O Museu Nacional em chamas deixou o Brasil e o mundo internacional chocados. Acervos perdidos. Irrecuperáveis. Memória nacional transformada em cinzas. Patrimônio arquitetônico em total risco. De quem é a responsabilidade?. Ao perguntar, a imprensa já sabia das respostas. Tratava-se de uma tragédia anunciada. Em 1995, notícias ganharam a televisão e os jornais sobre enchentes e cupins na estrutura de madeira do Museu Nacional. Salas de exposição foram fechadas no decorrer das décadas, algumas reabertas. Notícias em 2003, em 2015, entre tantas outras anunciavam e recontavam a precariedade das condições materiais.

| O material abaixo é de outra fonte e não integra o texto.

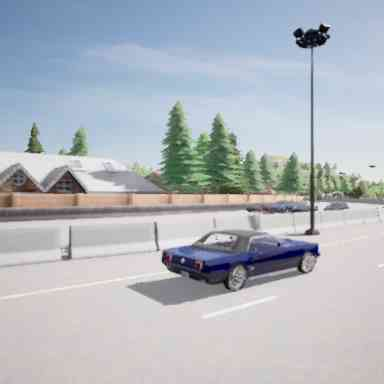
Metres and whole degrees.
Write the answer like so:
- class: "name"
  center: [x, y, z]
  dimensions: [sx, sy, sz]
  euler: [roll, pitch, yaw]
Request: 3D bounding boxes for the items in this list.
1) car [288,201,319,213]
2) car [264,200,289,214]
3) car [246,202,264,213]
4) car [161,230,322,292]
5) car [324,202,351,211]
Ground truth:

Como antropóloga, em contato com colegas antropólogos que ensinam e pesquisam no Museu Nacional, acompanhei-os no emudecimento e na indignação. Poucos conseguiram dar depoimentos. Quem deles e delas não se chocaram ao se deparar com as chamas no Museu Nacional ou receber whatsapps do que acontecia? Estarreceram-se. Não porque não soubessem da precariedade material do espaço em que trabalhavam.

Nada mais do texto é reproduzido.